Les chercheurs ont utilisé cette approche pour déterminer le moment de l’expression des gènes du cycle cellulaire de manière plus détaillée qu’il n’était possible auparavant. Ils ont également pu confirmer plusieurs ensembles de paires gène-amplificateur connues et ont généré une liste d’environ 50 000 paires de gènes amplificateurs possibles qu’ils peuvent désormais essayer de vérifier.
Savoir quels activateurs contrôlent quels gènes s’avérerait utile pour développer de nouveaux traitements contre les maladies à base génétique. L’année dernière, la Food and Drug Administration des États-Unis a approuvé le premier traitement de thérapie génique contre l’anémie falciforme, qui agit en interférant avec un activateur entraînant l’activation d’un gène de la globine fœtale, réduisant ainsi la production de cellules sanguines falciformes.
L’équipe du MIT applique désormais cette approche à d’autres types de cellules, en mettant l’accent sur les maladies auto-immunes. En collaboration avec des chercheurs du Boston Children’s Hospital, ils explorent les mutations des cellules immunitaires liées au lupus, dont beaucoup se trouvent dans des régions non codantes du génome.
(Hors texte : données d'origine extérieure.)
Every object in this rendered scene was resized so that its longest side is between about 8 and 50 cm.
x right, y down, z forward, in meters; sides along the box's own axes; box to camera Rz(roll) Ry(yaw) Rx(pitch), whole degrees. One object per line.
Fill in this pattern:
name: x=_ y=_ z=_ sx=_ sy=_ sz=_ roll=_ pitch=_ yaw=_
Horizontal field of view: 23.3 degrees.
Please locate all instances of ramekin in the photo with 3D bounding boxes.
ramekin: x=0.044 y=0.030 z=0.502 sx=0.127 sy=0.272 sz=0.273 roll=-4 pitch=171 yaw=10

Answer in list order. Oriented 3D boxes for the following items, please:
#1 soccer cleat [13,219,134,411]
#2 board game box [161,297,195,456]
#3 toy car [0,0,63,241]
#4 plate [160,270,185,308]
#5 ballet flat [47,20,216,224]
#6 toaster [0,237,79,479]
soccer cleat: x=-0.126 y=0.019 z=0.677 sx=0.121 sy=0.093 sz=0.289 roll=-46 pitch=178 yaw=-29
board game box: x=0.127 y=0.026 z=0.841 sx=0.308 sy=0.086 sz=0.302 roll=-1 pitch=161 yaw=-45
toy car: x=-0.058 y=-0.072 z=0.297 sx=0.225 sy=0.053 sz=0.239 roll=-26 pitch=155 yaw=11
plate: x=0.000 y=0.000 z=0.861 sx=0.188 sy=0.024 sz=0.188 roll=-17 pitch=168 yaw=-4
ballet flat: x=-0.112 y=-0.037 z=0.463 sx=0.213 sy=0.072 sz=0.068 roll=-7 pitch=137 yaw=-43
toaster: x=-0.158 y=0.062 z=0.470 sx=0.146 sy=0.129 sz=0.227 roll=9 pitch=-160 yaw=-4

« On ne sait pas clairement quels gènes sont affectés par ces mutations, nous commençons donc à distinguer les gènes que ces amplificateurs putatifs pourraient réguler et dans quels types de cellules ces amplificateurs sont actifs », explique Mahat. « Il s’agit d’un outil permettant de créer des cartes gène-amplificateur, qui sont fondamentales pour comprendre la biologie, et également une base pour comprendre la maladie. »
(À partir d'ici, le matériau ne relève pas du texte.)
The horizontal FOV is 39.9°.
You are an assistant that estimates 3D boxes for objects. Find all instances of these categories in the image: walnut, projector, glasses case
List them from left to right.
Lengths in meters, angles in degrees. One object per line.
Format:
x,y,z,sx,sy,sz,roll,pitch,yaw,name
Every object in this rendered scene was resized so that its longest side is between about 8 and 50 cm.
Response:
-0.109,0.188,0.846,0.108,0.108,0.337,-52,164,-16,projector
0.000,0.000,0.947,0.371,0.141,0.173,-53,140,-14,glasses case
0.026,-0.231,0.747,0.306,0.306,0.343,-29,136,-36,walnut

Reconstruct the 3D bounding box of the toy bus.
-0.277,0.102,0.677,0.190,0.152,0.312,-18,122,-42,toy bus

Les résultats de cette étude offrent également la preuve d’un théorie que Sharp a récemment développé, avec les professeurs du MIT Richard Young et Arup Chakraborty, que la transcription des gènes est contrôlée par des gouttelettes sans membrane appelées condensats. Ces condensats sont constitués de grands amas d’enzymes et d’ARN, qui, selon Sharp, pourraient inclure de l’ARNe produit au niveau des sites activateurs.
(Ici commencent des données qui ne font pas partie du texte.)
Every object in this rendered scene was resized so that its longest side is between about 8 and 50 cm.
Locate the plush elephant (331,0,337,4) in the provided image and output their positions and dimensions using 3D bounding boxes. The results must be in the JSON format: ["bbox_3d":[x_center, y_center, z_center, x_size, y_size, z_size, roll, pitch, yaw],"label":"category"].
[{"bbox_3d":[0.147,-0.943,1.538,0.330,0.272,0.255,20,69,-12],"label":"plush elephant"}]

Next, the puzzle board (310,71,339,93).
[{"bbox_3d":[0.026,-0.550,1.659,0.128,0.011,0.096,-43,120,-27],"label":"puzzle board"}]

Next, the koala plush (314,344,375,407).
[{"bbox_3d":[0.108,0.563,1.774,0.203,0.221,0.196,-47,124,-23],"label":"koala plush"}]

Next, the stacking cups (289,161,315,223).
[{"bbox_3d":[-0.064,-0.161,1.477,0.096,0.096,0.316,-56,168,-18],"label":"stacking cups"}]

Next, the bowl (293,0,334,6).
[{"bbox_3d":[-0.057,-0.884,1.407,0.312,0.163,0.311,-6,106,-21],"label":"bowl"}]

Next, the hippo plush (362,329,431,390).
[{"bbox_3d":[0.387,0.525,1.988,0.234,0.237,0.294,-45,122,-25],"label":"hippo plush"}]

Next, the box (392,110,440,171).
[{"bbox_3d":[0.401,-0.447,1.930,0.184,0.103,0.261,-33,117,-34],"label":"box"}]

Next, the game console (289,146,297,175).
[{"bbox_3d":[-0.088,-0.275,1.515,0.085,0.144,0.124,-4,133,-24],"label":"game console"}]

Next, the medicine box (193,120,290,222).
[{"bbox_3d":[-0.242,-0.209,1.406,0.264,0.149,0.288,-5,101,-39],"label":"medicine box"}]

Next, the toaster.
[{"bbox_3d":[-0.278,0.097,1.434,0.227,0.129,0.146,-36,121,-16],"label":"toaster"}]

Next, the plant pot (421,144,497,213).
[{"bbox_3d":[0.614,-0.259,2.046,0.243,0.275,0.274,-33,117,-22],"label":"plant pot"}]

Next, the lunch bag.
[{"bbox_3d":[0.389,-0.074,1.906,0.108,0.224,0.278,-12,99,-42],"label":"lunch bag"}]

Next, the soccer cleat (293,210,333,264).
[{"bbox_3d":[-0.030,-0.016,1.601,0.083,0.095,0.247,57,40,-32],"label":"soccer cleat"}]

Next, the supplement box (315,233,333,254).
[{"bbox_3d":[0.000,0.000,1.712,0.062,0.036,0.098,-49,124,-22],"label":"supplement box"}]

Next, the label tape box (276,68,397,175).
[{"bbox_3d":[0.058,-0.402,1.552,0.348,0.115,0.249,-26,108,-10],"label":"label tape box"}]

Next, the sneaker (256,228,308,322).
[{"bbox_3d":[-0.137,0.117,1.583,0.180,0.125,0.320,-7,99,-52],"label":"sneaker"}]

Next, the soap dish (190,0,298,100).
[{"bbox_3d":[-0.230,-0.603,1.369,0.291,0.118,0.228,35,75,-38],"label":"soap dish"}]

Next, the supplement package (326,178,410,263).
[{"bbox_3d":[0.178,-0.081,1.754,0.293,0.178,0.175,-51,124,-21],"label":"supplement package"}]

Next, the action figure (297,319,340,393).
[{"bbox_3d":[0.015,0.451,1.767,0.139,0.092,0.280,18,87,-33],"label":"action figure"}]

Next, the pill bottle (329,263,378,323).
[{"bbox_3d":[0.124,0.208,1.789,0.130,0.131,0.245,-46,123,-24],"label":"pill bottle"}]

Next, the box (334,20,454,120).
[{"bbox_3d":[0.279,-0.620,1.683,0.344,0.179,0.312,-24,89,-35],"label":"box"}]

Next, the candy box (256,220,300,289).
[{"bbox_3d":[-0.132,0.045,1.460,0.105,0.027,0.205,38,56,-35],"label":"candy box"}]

« Nous imaginons que la communication entre un activateur et un promoteur est une structure transitoire de type condensat, et l’ARN en fait partie. Il s’agit d’un travail important pour mieux comprendre comment les ARN des activateurs pourraient être actifs », dit-il.
La recherche a été financée par le National Cancer Institute, les National Institutes of Health et le Emerald Foundation Postdoctoral Transition Award.